OCR / Extraction Pipeline

  • Documents::AnalyzePdfJob extracts text and computes text_quality.
  • For text_quality == "image_scan", OCR is queued (Documents::OcrJob).
  • Extraction rows store page-aware text; keep page numbers stable.

Topic Extraction Pipeline

  • ExtractTopicsJob runs in two passes:
    • Pass 1: Classifies agenda items into topics. Includes item-level document text (via AgendaItemDocument) and meeting-level packet/minutes text so the AI can identify topics even when agenda titles are generic (e.g. "PUBLIC HEARING").
    • Pass 2: Refines catch-all ordinance topics. Items tagged with topics in CATCHALL_TOPIC_NAMES (e.g. "height and area exceptions") get a second AI call that either keeps the tag (minor variance) or replaces it with a substantive civic concern (significant issue).

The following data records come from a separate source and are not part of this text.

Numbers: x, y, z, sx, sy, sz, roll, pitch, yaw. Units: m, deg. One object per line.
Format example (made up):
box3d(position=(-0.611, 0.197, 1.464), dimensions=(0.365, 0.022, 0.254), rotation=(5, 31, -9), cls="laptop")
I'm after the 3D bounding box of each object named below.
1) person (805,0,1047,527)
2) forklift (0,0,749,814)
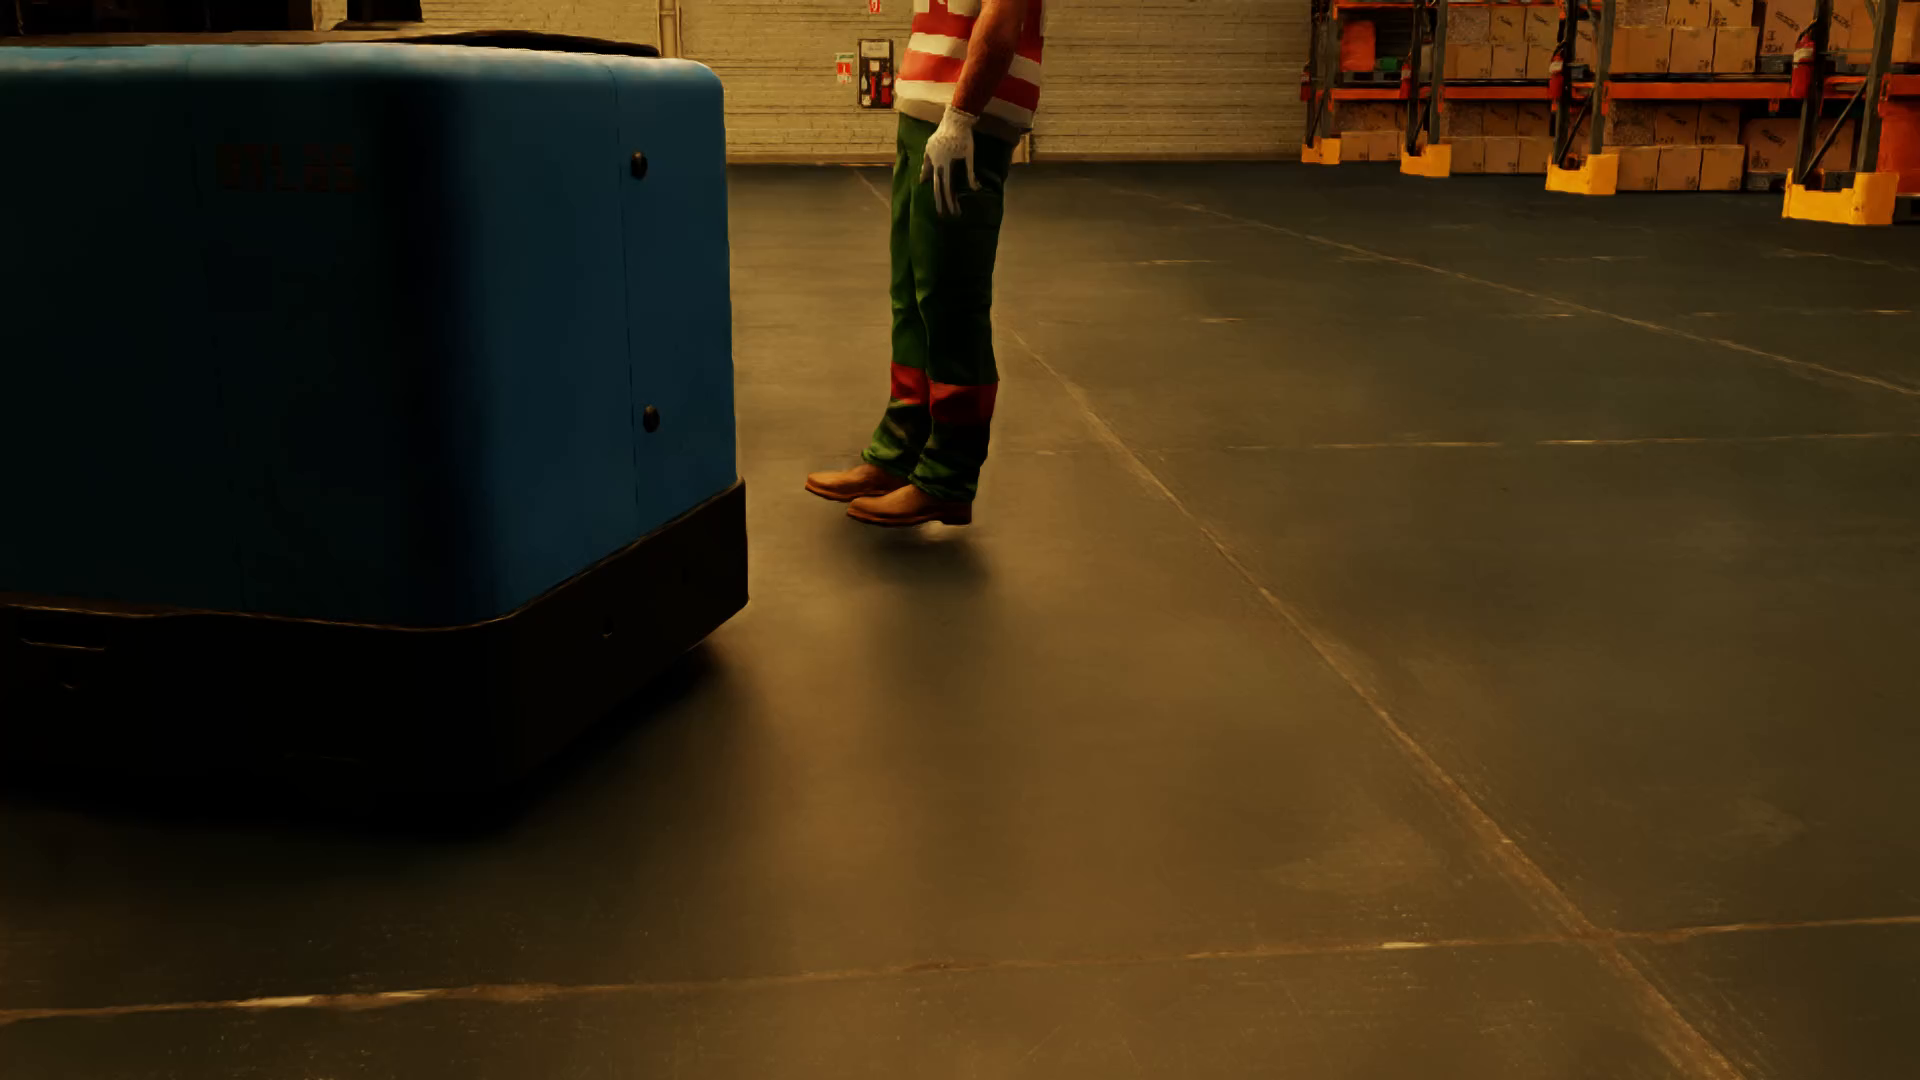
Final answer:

Error-isolated so failures don't lose pass 1 results.
  • To add new catch-all ordinance sections, append to CATCHALL_TOPIC_NAMES in ExtractTopicsJob.
  • Topic names should be at a "neighborhood conversation" level — no addresses or applicant names.
  • Full pipeline to homepage: ExtractTopicsJobAgendaItemTopic (auto-creates TopicAppearance) → AutoTriageJob (approves/blocks) → SummarizeMeetingJob (sets resident_impact_score) → homepage "Coming Up" card requires approved status + resident_impact_score >= 3.

AI Usage

  • Use Ai::OpenAiService for OpenAI calls; do not scatter API calls across the codebase.
  • Prompts should:
    • Be explicit about output format (use JSON mode when parsing).
    • Require citations for summaries when page-aware text is available.
    • Prefer “I don’t know / not in document” to invention.
  • Always label AI-generated content in UI.

Data & Retrieval

  • Knowledgebase ingestion lives in KnowledgeSource/KnowledgeChunk + IngestKnowledgeSourceJob.
  • Retrieval behavior is centralized in RetrievalService and VectorService.
  • Keep retrieval caps/thresholds explicit and documented.

Style Guidelines

Ruby Style

  • Follow RuboCop Rails Omakase (.rubocop.yml).
  • Prefer small, readable methods over clever metaprogramming.
  • Prefer bin/rubocop to ensure consistent config.
  • No static typing framework (no Sorbet); avoid adding one.

Naming

  • Use conventional Rails names and namespaces:
    • Jobs: Documents::..., Scrapers::..., etc.
    • Models are singular (MeetingDocument, AgendaItemTopic).
  • Avoid ambiguous abbreviations; prefer clarity (e.g., meeting_document, not md).

Imports / Requires

  • Rails autoloading should handle most constants.
  • If you must require, prefer require "uri" at top of the file (as done in scrapers).

Database / Models

  • Prefer real DB constraints + validations for invariants:
    • Add indexes for uniqueness where needed.
    • Use belongs_to + has_many with appropriate dependent:.
  • Prefer find_or_create_by! for reference data (e.g., Member, Topic).

Error Handling

  • Handle external command failures explicitly:
    • Check exit status for system calls.
    • Record failure status on affected model (text_quality, ocr_status, etc.).
  • Avoid swallowing errors silently; log with enough context (IDs, URLs).

Formatting / Rendering

  • Keep views simple and data-prepared in controllers/jobs.
  • When rendering Markdown, keep output labeled as AI and encourage verification.
  • Reuse existing CSS classes/components before adding new ones.

Security / Secrets

  • Do not commit config/master.key (it is gitignored) or any .env files.
  • Credentials live in config/credentials.yml.enc and are decrypted via RAILS_MASTER_KEY.
  • Never print secrets in logs or console output.

Deployment Notes (Fly.io / Docker)

  • The Dockerfile installs poppler-utils and tesseract-ocr for PDF extraction/OCR.
  • If deploying via buildpacks instead of Docker, ensure equivalent OS packages are installed.